Monday 14 March 2016

Like This, For Ever by S.J. Bolton

Like This, For Ever by S.J. Bolton
My rating: 4.5 of 5 stars

Young boys are kidnapped and then found drained of blood. There are no clues nor witnesses  to be found. And, at any time could a boy be taken and killed. For Detectives Dana Tulloch and Mark Joesbury is this a frustrating case and for Dana is it hard to see the bodies of the little boys left on a Thames beach. She has never thought about being a mother, but this case stirred emotions in her she never thought she would have. For Lacey Flint is the case nothing she wants to get involved in, she hasn't recuperated from her ordeal in Oxford and getting involved in a new case is the last thing she wants unless she involuntary gets dragged into it...

Like This, For Ever is the third book in the Lacey Flint series and it's a dark story, just like the other books. The killing of children is, in my opinion, the hardest kind of crime books to read. That and killing of animals. There is just something unthinkable about hurting the innocent that reading books about it is really hard. 

The interesting thing about this book is that we beside Mark, Dana, Lacey, the usual characters involved in the book's narrations we also get the narrative of a young boy Barney through the book. He is a neighbor to Lacey, and she is worried when he is out late. He meanwhile is also studying the case of the missing boys and he discovers there are patterns to the murders...
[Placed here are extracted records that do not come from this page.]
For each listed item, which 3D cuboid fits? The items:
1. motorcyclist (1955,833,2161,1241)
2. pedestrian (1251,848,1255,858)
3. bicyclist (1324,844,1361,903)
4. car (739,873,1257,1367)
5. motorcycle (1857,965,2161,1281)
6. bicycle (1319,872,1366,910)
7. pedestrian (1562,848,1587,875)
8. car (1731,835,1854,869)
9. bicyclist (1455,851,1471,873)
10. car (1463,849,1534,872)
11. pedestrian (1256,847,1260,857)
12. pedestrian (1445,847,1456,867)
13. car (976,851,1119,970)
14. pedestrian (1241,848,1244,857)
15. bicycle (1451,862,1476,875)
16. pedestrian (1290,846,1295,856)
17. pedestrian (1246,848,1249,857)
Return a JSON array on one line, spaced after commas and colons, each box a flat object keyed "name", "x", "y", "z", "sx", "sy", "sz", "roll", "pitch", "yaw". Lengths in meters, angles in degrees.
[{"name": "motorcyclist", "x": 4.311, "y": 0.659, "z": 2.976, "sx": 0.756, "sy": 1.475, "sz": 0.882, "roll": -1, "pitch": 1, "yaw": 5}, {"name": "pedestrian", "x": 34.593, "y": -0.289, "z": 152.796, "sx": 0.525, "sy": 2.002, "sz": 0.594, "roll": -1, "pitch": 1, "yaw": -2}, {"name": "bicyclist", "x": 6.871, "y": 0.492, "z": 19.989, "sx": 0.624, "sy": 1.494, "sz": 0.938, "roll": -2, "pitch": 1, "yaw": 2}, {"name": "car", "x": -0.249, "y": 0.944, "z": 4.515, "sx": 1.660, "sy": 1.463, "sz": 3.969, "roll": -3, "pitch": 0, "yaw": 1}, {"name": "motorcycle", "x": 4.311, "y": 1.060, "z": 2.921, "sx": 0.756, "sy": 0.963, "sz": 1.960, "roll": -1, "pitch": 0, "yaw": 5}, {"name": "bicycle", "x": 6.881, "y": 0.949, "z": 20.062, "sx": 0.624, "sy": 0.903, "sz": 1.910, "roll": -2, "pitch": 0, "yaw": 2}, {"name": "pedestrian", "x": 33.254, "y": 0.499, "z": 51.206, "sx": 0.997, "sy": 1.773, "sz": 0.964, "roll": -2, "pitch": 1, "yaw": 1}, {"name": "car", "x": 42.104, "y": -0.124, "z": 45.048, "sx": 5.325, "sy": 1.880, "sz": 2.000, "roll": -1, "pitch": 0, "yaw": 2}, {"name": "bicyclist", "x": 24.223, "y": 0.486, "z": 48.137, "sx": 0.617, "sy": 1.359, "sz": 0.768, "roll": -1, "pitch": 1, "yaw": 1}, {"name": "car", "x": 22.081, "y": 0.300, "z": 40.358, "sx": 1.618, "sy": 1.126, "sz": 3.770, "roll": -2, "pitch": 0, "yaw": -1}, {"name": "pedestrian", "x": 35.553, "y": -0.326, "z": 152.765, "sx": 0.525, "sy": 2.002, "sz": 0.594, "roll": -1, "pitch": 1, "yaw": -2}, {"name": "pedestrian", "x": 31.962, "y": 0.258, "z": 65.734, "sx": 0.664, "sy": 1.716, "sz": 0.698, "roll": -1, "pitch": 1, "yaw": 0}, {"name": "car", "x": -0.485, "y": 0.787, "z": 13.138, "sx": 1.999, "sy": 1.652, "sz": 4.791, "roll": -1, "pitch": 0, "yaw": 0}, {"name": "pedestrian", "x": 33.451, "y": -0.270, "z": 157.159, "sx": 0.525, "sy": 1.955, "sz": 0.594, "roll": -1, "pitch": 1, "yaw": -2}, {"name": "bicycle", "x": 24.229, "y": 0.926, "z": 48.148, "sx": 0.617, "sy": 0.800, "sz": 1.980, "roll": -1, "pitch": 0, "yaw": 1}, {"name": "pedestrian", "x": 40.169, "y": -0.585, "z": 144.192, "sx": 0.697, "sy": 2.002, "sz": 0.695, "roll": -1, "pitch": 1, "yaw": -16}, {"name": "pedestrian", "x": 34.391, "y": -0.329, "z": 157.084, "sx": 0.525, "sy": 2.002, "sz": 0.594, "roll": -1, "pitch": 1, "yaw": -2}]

There are a lot of potential suspects in this book, but the story took a different turn than I had expected. I always love the part of the book when everything starts to come together and make sense and in this book. In this book, it's like getting a bucket of ice cold water emptied over your head. The kind of conclusion when you're are taken with the story, but there is also a dread in reading it because you are figuring it out...

Beside the case we Mark trying to get through to Lacey, one would think that the ending of the second book would have solved some things in their relationship, but Lacey seems to be hell-bent on pushing Mark out of her life, despite her feelings for him. I'm however glad that the case from the last book seems to have been closed, I did feel that the previous book ended with some questions never answered when it came to the case in Oxford. I'm pleased that's over. It was also great to have Dana back since she was absent in the previous book and also it was really great to finally meet Huck, Mark's son. Love that name. Huckleberry Joesbury. I think it's probably good that I don't have children...;)

You can read the books as stand-alone, but personally, I feel that you will understand the story and especially understand Lacey Flint better if you read the series from the beginning.